WORK REQUIRED:
Look through the material below and copy exactly the lines from the line with "10. apple [234,197,276,237]" to the line with "27. apple [191,207,231,226]", those two lines included.

+++ RECORDS FOR THE TASK +++

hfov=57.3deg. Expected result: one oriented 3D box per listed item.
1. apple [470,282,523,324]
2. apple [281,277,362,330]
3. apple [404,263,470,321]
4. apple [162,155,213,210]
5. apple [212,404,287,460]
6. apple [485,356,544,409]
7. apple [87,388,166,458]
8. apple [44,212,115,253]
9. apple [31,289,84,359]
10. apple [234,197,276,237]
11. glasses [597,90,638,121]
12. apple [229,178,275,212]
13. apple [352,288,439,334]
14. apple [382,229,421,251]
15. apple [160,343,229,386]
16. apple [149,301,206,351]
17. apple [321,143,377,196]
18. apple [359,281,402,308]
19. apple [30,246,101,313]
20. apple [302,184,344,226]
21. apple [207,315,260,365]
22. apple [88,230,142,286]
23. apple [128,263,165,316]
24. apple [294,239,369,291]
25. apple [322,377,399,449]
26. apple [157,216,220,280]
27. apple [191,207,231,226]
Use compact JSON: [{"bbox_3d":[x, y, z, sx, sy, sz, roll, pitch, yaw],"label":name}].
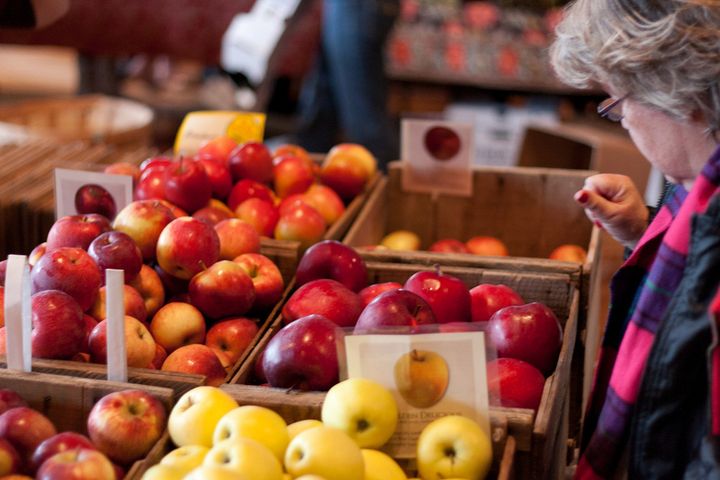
[{"bbox_3d":[0.435,0.211,2.122,0.119,0.136,0.128,-4,-8,-10],"label":"apple"},{"bbox_3d":[-0.104,0.180,1.951,0.185,0.166,0.154,-14,-21,-17],"label":"apple"},{"bbox_3d":[0.233,0.155,2.069,0.150,0.193,0.160,3,7,-5],"label":"apple"},{"bbox_3d":[-0.622,-0.199,2.365,0.174,0.183,0.123,10,-11,-20],"label":"apple"},{"bbox_3d":[-0.254,0.415,1.537,0.152,0.132,0.124,14,7,-40],"label":"apple"},{"bbox_3d":[0.411,0.367,1.760,0.143,0.141,0.147,1,-8,0],"label":"apple"},{"bbox_3d":[-0.577,0.441,1.647,0.153,0.161,0.159,11,36,-8],"label":"apple"},{"bbox_3d":[-0.887,0.010,2.076,0.156,0.156,0.161,-10,-7,30],"label":"apple"},{"bbox_3d":[-0.827,0.225,1.807,0.149,0.186,0.161,3,5,43],"label":"apple"},{"bbox_3d":[-0.384,-0.105,2.511,0.140,0.180,0.143,15,14,40],"label":"apple"},{"bbox_3d":[0.705,-0.360,1.826,0.074,0.026,0.072,-31,5,-20],"label":"glasses"},{"bbox_3d":[-0.427,-0.180,2.614,0.135,0.124,0.130,29,3,-31],"label":"apple"},{"bbox_3d":[0.103,0.230,1.819,0.156,0.140,0.140,-4,-12,18],"label":"apple"},{"bbox_3d":[0.189,-0.018,3.047,0.114,0.147,0.117,-4,4,-7],"label":"apple"},{"bbox_3d":[-0.467,0.348,1.899,0.154,0.142,0.130,6,13,-26],"label":"apple"},{"bbox_3d":[-0.560,0.261,2.005,0.144,0.146,0.148,-20,-38,-23],"label":"apple"},{"bbox_3d":[-0.064,-0.315,3.009,0.222,0.235,0.246,17,25,20],"label":"apple"},{"bbox_3d":[0.066,0.160,2.093,0.081,0.090,0.083,2,39,-33],"label":"apple"},{"bbox_3d":[-0.828,0.086,1.892,0.165,0.181,0.169,4,18,-7],"label":"apple"},{"bbox_3d":[-0.155,-0.143,2.777,0.138,0.171,0.143,-15,-6,5],"label":"apple"},{"bbox_3d":[-0.402,0.305,2.048,0.131,0.148,0.145,16,32,18],"label":"apple"},{"bbox_3d":[-0.712,0.048,1.960,0.139,0.154,0.145,0,8,15],"label":"apple"},{"bbox_3d":[-0.657,0.157,2.060,0.122,0.138,0.130,-13,-45,-5],"label":"apple"},{"bbox_3d":[-0.083,0.082,2.221,0.167,0.182,0.168,-2,17,12],"label":"apple"},{"bbox_3d":[-0.004,0.414,1.659,0.162,0.168,0.166,-2,17,-15],"label":"apple"},{"bbox_3d":[-0.553,0.025,2.123,0.184,0.203,0.199,-8,-13,31],"label":"apple"},{"bbox_3d":[-0.539,-0.075,2.382,0.098,0.086,0.085,-26,-15,15],"label":"apple"}]

+++

SOLUTION FOR THIS EXERCISE:
10. apple [234,197,276,237]
11. glasses [597,90,638,121]
12. apple [229,178,275,212]
13. apple [352,288,439,334]
14. apple [382,229,421,251]
15. apple [160,343,229,386]
16. apple [149,301,206,351]
17. apple [321,143,377,196]
18. apple [359,281,402,308]
19. apple [30,246,101,313]
20. apple [302,184,344,226]
21. apple [207,315,260,365]
22. apple [88,230,142,286]
23. apple [128,263,165,316]
24. apple [294,239,369,291]
25. apple [322,377,399,449]
26. apple [157,216,220,280]
27. apple [191,207,231,226]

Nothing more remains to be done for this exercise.